━━ Data provided ━━

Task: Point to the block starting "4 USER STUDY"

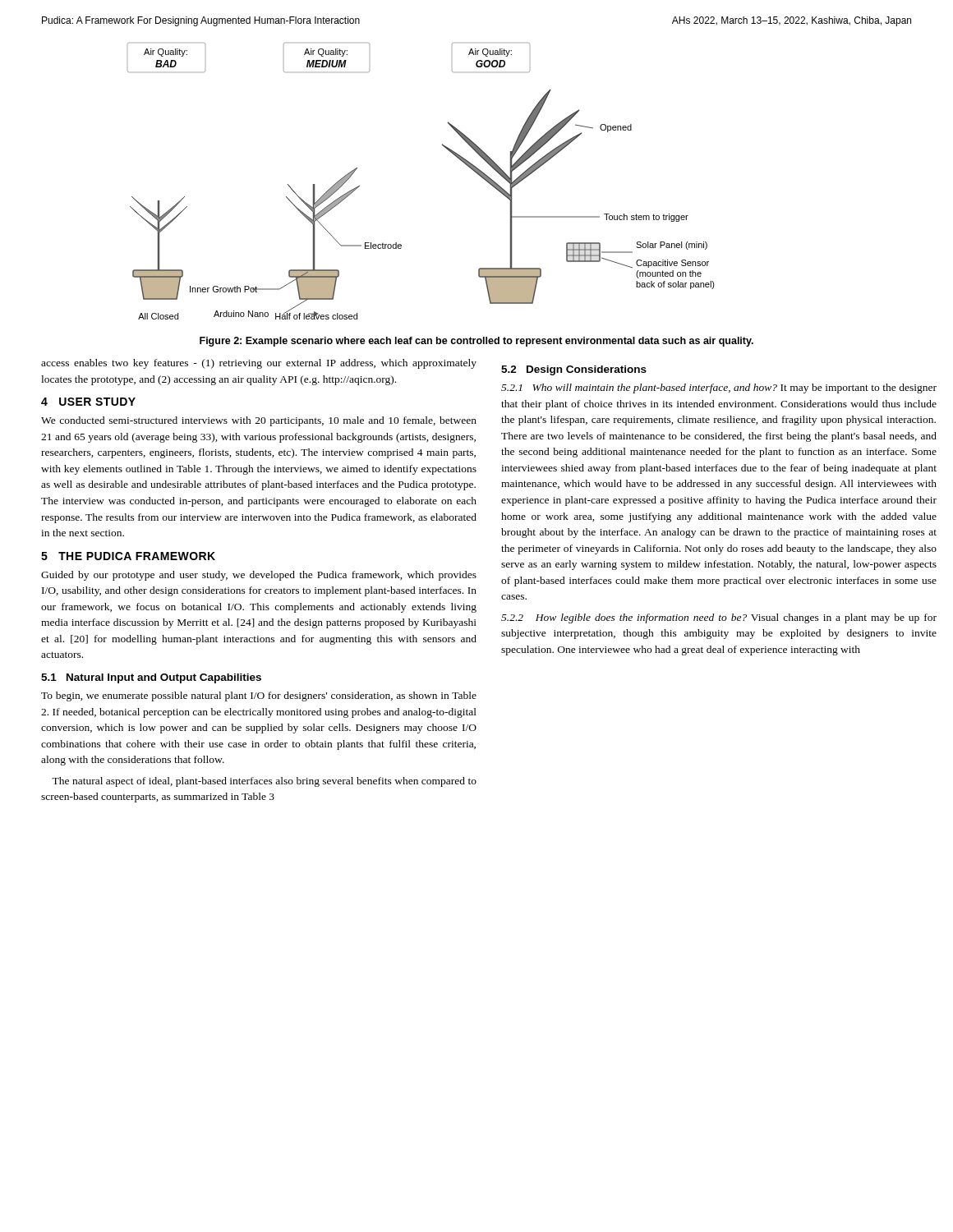Action: [x=89, y=402]
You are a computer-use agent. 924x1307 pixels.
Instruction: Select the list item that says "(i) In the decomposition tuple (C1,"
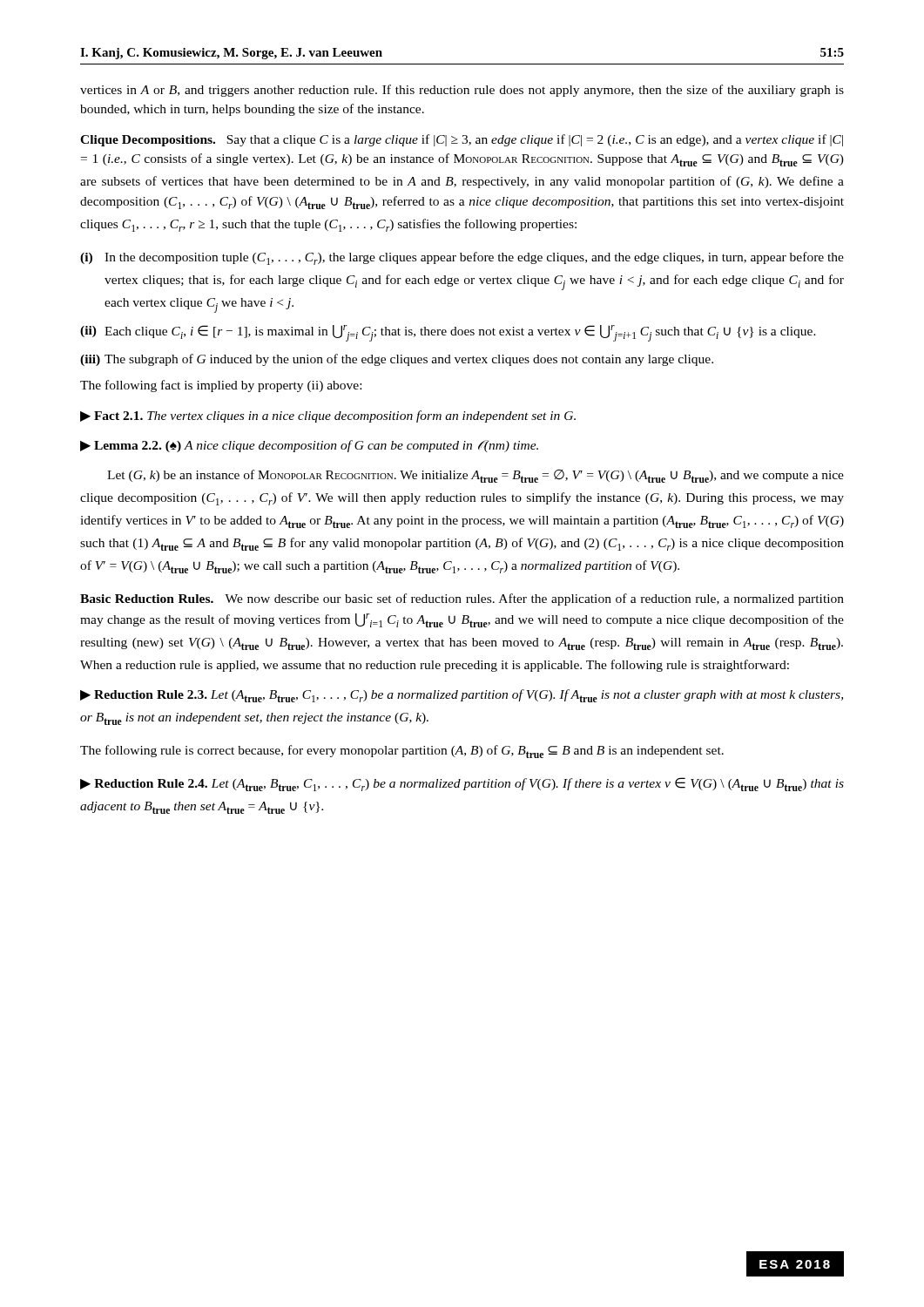(x=462, y=281)
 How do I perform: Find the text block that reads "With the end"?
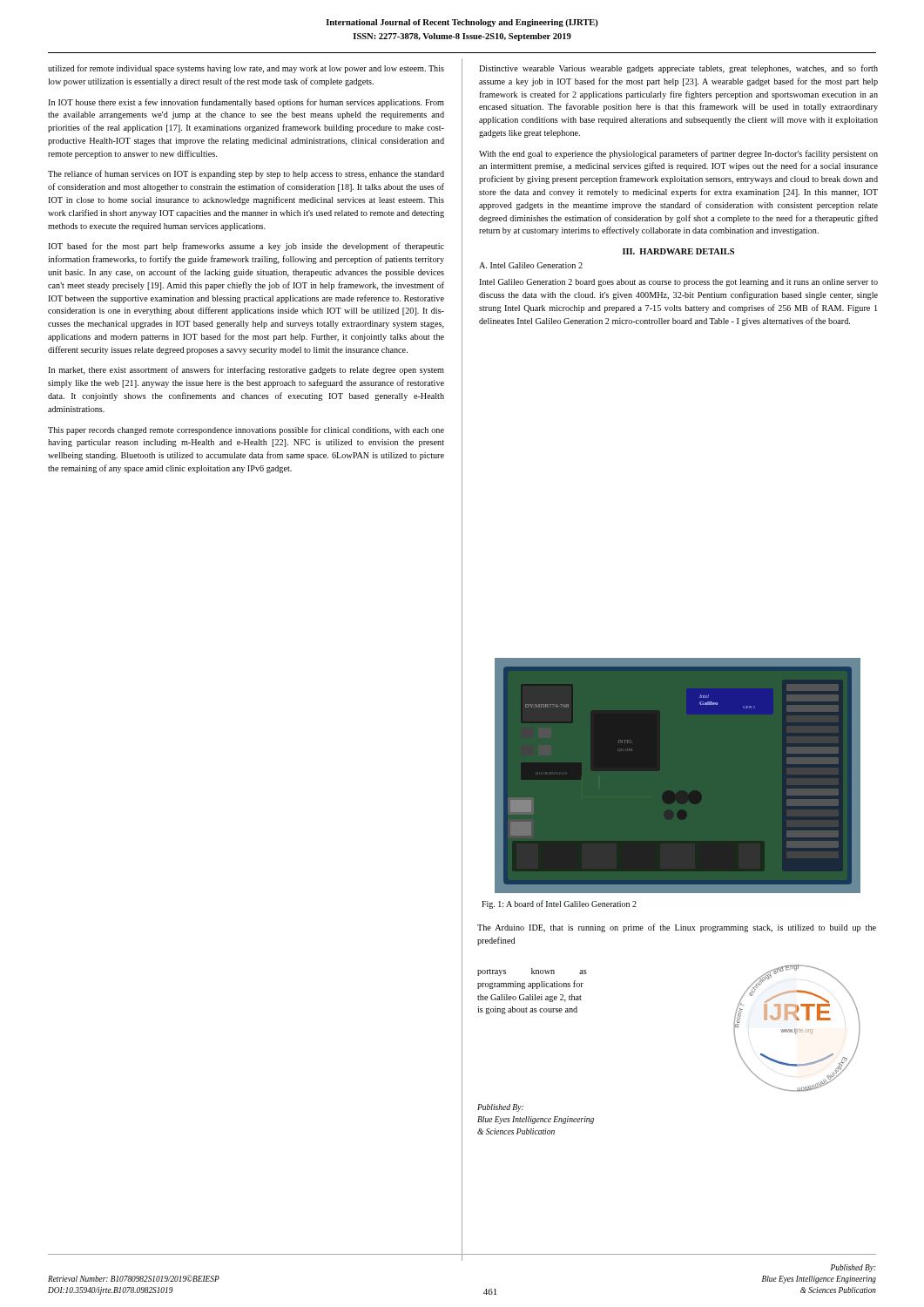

━━━

* **Task item**:
Copy all the records word for word and keep the pictures out.

* **Answer space**:
Task: Point to the block starting "4 USER STUDY"

Action: [x=89, y=402]
You are a computer-use agent. 924x1307 pixels.
Instruction: Select the list item that says "(i) In the decomposition tuple (C1,"
(x=462, y=281)
 How do I perform: Find the text block that reads "With the end"?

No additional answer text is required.